Do results leave any returns for a short-term reversion trader?

VXX-daily-autocorrelation

The final chart summarizes average future 8-day gross returns for VXX by quintile of prior-day returns for VXX over the life of VXX (195-196 observations per quintile). It also shows comparable results for changes in VIX. Data are unwinnowed (the sample is too small for winnowing). While reversion of VIX again appears potentially exploitable for extreme quintiles, VXX does not do the job. The gross 8-day reversion returns for all VXX quintiles are negative. Including trading frictions would worsen returns.
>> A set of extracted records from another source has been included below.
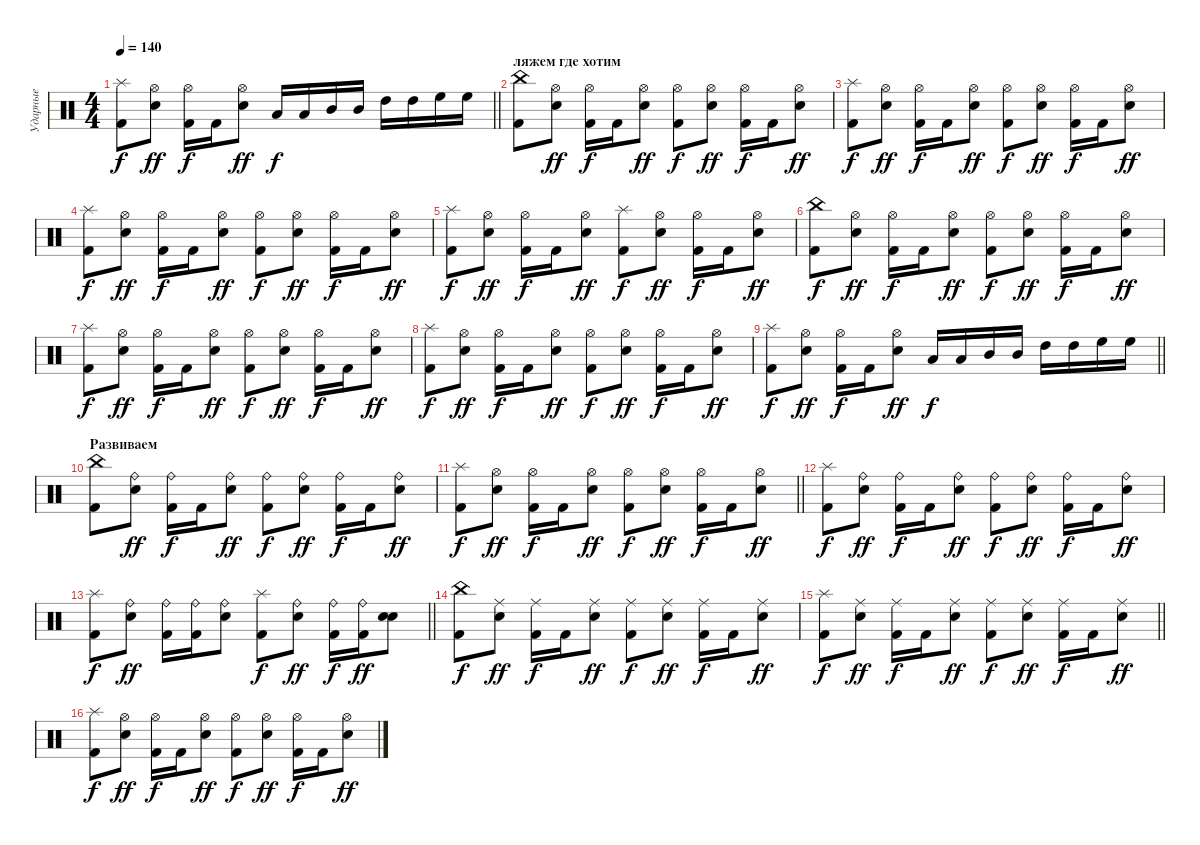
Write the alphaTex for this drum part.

\track ("Ударные" "Ударные") {instrument percussion}
\staff {score}
\articulation defaults
\ts (4 4)
\tempo 140
\clef neutral
\barLineRight lightlight
\ks c
("Splash (hit)" "Kick (hit) 2").8{dy f} ("Hi-Hat (open)" "Electric Snare (hit)").8{dy ff} ("Hi-Hat (open)" "Kick (hit) 2").16{dy f} "Kick (hit) 2".16 ("Hi-Hat (open)" "Electric Snare (hit)").8{dy ff} "Low Tom (hit)".16{dy f} "Low Tom (hit)".16 "Mid Tom (hit)".16 "Mid Tom (hit)".16 "High Tom (hit)".16 "High Tom (hit)".16 "High Floor Tom (hit)".16 "High Floor Tom (hit)".16 |
\section ("" "ляжем где хотим")
("China (hit)" "Kick (hit) 2").8 ("Hi-Hat (open)" "Electric Snare (hit)").8{dy ff} ("Hi-Hat (open)" "Kick (hit) 2").16{dy f} "Kick (hit) 2".16 ("Hi-Hat (open)" "Electric Snare (hit)").8{dy ff} ("Hi-Hat (open)" "Kick (hit) 2").8{dy f} ("Hi-Hat (open)" "Electric Snare (hit)").8{dy ff} ("Hi-Hat (open)" "Kick (hit) 2").16{dy f} "Kick (hit) 2".16 ("Hi-Hat (open)" "Electric Snare (hit)").8{dy ff} |
("Splash (hit)" "Kick (hit) 2").8{dy f} ("Hi-Hat (open)" "Electric Snare (hit)").8{dy ff} ("Hi-Hat (open)" "Kick (hit) 2").16{dy f} "Kick (hit) 2".16 ("Hi-Hat (open)" "Electric Snare (hit)").8{dy ff} ("Hi-Hat (open)" "Kick (hit) 2").8{dy f} ("Hi-Hat (open)" "Electric Snare (hit)").8{dy ff} ("Hi-Hat (open)" "Kick (hit) 2").16{dy f} "Kick (hit) 2".16 ("Hi-Hat (open)" "Electric Snare (hit)").8{dy ff} |
("Splash (hit)" "Kick (hit) 2").8{dy f} ("Hi-Hat (open)" "Electric Snare (hit)").8{dy ff} ("Hi-Hat (open)" "Kick (hit) 2").16{dy f} "Kick (hit) 2".16 ("Hi-Hat (open)" "Electric Snare (hit)").8{dy ff} ("Hi-Hat (open)" "Kick (hit) 2").8{dy f} ("Hi-Hat (open)" "Electric Snare (hit)").8{dy ff} ("Hi-Hat (open)" "Kick (hit) 2").16{dy f} "Kick (hit) 2".16 ("Hi-Hat (open)" "Electric Snare (hit)").8{dy ff} |
("Splash (hit)" "Kick (hit) 2").8{dy f} ("Hi-Hat (open)" "Electric Snare (hit)").8{dy ff} ("Hi-Hat (open)" "Kick (hit) 2").16{dy f} "Kick (hit) 2".16 ("Hi-Hat (open)" "Electric Snare (hit)").8{dy ff} ("Splash (hit)" "Kick (hit) 2").8{dy f} ("Hi-Hat (open)" "Electric Snare (hit)").8{dy ff} ("Hi-Hat (open)" "Kick (hit) 2").16{dy f} "Kick (hit) 2".16 ("Hi-Hat (open)" "Electric Snare (hit)").8{dy ff} |
("China (hit)" "Kick (hit) 2").8{dy f} ("Hi-Hat (open)" "Electric Snare (hit)").8{dy ff} ("Hi-Hat (open)" "Kick (hit) 2").16{dy f} "Kick (hit) 2".16 ("Hi-Hat (open)" "Electric Snare (hit)").8{dy ff} ("Hi-Hat (open)" "Kick (hit) 2").8{dy f} ("Hi-Hat (open)" "Electric Snare (hit)").8{dy ff} ("Hi-Hat (open)" "Kick (hit) 2").16{dy f} "Kick (hit) 2".16 ("Hi-Hat (open)" "Electric Snare (hit)").8{dy ff} |
("Splash (hit)" "Kick (hit) 2").8{dy f} ("Hi-Hat (open)" "Electric Snare (hit)").8{dy ff} ("Hi-Hat (open)" "Kick (hit) 2").16{dy f} "Kick (hit) 2".16 ("Hi-Hat (open)" "Electric Snare (hit)").8{dy ff} ("Hi-Hat (open)" "Kick (hit) 2").8{dy f} ("Hi-Hat (open)" "Electric Snare (hit)").8{dy ff} ("Hi-Hat (open)" "Kick (hit) 2").16{dy f} "Kick (hit) 2".16 ("Hi-Hat (open)" "Electric Snare (hit)").8{dy ff} |
("Splash (hit)" "Kick (hit) 2").8{dy f} ("Hi-Hat (open)" "Electric Snare (hit)").8{dy ff} ("Hi-Hat (open)" "Kick (hit) 2").16{dy f} "Kick (hit) 2".16 ("Hi-Hat (open)" "Electric Snare (hit)").8{dy ff} ("Hi-Hat (open)" "Kick (hit) 2").8{dy f} ("Hi-Hat (open)" "Electric Snare (hit)").8{dy ff} ("Hi-Hat (open)" "Kick (hit) 2").16{dy f} "Kick (hit) 2".16 ("Hi-Hat (open)" "Electric Snare (hit)").8{dy ff} |
\barLineRight lightlight
("Splash (hit)" "Kick (hit) 2").8{dy f} ("Hi-Hat (open)" "Electric Snare (hit)").8{dy ff} ("Hi-Hat (open)" "Kick (hit) 2").16{dy f} "Kick (hit) 2".16 ("Hi-Hat (open)" "Electric Snare (hit)").8{dy ff} "Low Tom (hit)".16{dy f} "Low Tom (hit)".16 "Mid Tom (hit)".16 "Mid Tom (hit)".16 "High Tom (hit)".16 "High Tom (hit)".16 "High Floor Tom (hit)".16 "High Floor Tom (hit)".16 |
\section ("" "Развиваем")
("China (hit)" "Kick (hit) 2").8 ("Ride (bell)" "Electric Snare (hit)").8{dy ff} ("Ride (bell)" "Kick (hit) 2").16{dy f} "Kick (hit) 2".16 ("Ride (bell)" "Electric Snare (hit)").8{dy ff} ("Ride (bell)" "Kick (hit) 2").8{dy f} ("Ride (bell)" "Electric Snare (hit)").8{dy ff} ("Ride (bell)" "Kick (hit) 2").16{dy f} "Kick (hit) 2".16 ("Ride (bell)" "Electric Snare (hit)").8{dy ff} |
\barLineRight lightlight
("Splash (hit)" "Kick (hit) 2").8{dy f} ("Hi-Hat (open)" "Electric Snare (hit)").8{dy ff} ("Hi-Hat (open)" "Kick (hit) 2").16{dy f} "Kick (hit) 2".16 ("Hi-Hat (open)" "Electric Snare (hit)").8{dy ff} ("Hi-Hat (open)" "Kick (hit) 2").8{dy f} ("Hi-Hat (open)" "Electric Snare (hit)").8{dy ff} ("Hi-Hat (open)" "Kick (hit) 2").16{dy f} "Kick (hit) 2".16 ("Hi-Hat (open)" "Electric Snare (hit)").8{dy ff} |
("Splash (hit)" "Kick (hit) 2").8{dy f} ("Ride (bell)" "Electric Snare (hit)").8{dy ff} ("Ride (bell)" "Kick (hit) 2").16{dy f} "Kick (hit) 2".16 ("Ride (bell)" "Electric Snare (hit)").8{dy ff} ("Ride (bell)" "Kick (hit) 2").8{dy f} ("Ride (bell)" "Electric Snare (hit)").8{dy ff} ("Ride (bell)" "Kick (hit) 2").16{dy f} "Kick (hit) 2".16 ("Ride (bell)" "Electric Snare (hit)").8{dy ff} |
\barLineRight lightlight
("Splash (hit)" "Kick (hit) 2").8{dy f} ("Ride (bell)" "Electric Snare (hit)").8{dy ff} ("Ride (bell)" "Kick (hit) 2").16 ("Ride (bell)" "Kick (hit) 2").16 ("Ride (bell)" "Electric Snare (hit)").8 ("Splash (hit)" "Kick (hit) 2").8{dy f} ("Ride (bell)" "Electric Snare (hit)").8{dy ff} ("Ride (bell)" "Kick (hit) 2").16{dy f} ("Ride (bell)" "Kick (hit) 2").16{dy ff} ("Snare (hit)" "Electric Snare (hit)").8 |
("China (hit)" "Kick (hit) 2").8{dy f} ("Ride (middle)" "Electric Snare (hit)").8{dy ff} ("Ride (middle)" "Kick (hit) 2").16{dy f} "Kick (hit) 2".16 ("Ride (middle)" "Electric Snare (hit)").8{dy ff} ("Ride (middle)" "Kick (hit) 2").8{dy f} ("Ride (middle)" "Electric Snare (hit)").8{dy ff} ("Ride (middle)" "Kick (hit) 2").16{dy f} "Kick (hit) 2".16 ("Ride (middle)" "Electric Snare (hit)").8{dy ff} |
\barLineRight lightlight
("Splash (hit)" "Kick (hit) 2").8{dy f} ("Ride (middle)" "Electric Snare (hit)").8{dy ff} ("Ride (middle)" "Kick (hit) 2").16{dy f} "Kick (hit) 2".16 ("Ride (middle)" "Electric Snare (hit)").8{dy ff} ("Ride (middle)" "Kick (hit) 2").8{dy f} ("Ride (middle)" "Electric Snare (hit)").8{dy ff} ("Ride (middle)" "Kick (hit) 2").16{dy f} "Kick (hit) 2".16 ("Ride (middle)" "Electric Snare (hit)").8{dy ff} |
("Splash (hit)" "Kick (hit) 2").8{dy f} ("Hi-Hat (open)" "Electric Snare (hit)").8{dy ff} ("Hi-Hat (open)" "Kick (hit) 2").16{dy f} "Kick (hit) 2".16 ("Hi-Hat (open)" "Electric Snare (hit)").8{dy ff} ("Hi-Hat (open)" "Kick (hit) 2").8{dy f} ("Hi-Hat (open)" "Electric Snare (hit)").8{dy ff} ("Hi-Hat (open)" "Kick (hit) 2").16{dy f} "Kick (hit) 2".16 ("Hi-Hat (open)" "Electric Snare (hit)").8{dy ff}

Volatilities (standard deviations) of 8-day returns/changes are notably higher for extreme quintiles than middle quintiles for both VXX and VIX, and volatilities of VXX returns are smaller than those for changes in VIX for all quintiles.

Reasons why VXX may not track VIX closely enough to exploit predictable VIX behaviors include:

  • Differences between the behaviors of VIX and VIX futures, including the feedback of aggregate VXX trading.
  • Trading frictions experienced by the VXX manager in implementing VXX.
  • VXX management/administrative fees.

VXX-reversion

In summary, evidence from simple tests on available data does not support a belief that traders can systematically employ VXX to exploit short-term reversion of VIX.

Other approaches to exploiting short-term VIX reversion, or methods of exploiting other logical consequences of volatility persistence, may work better.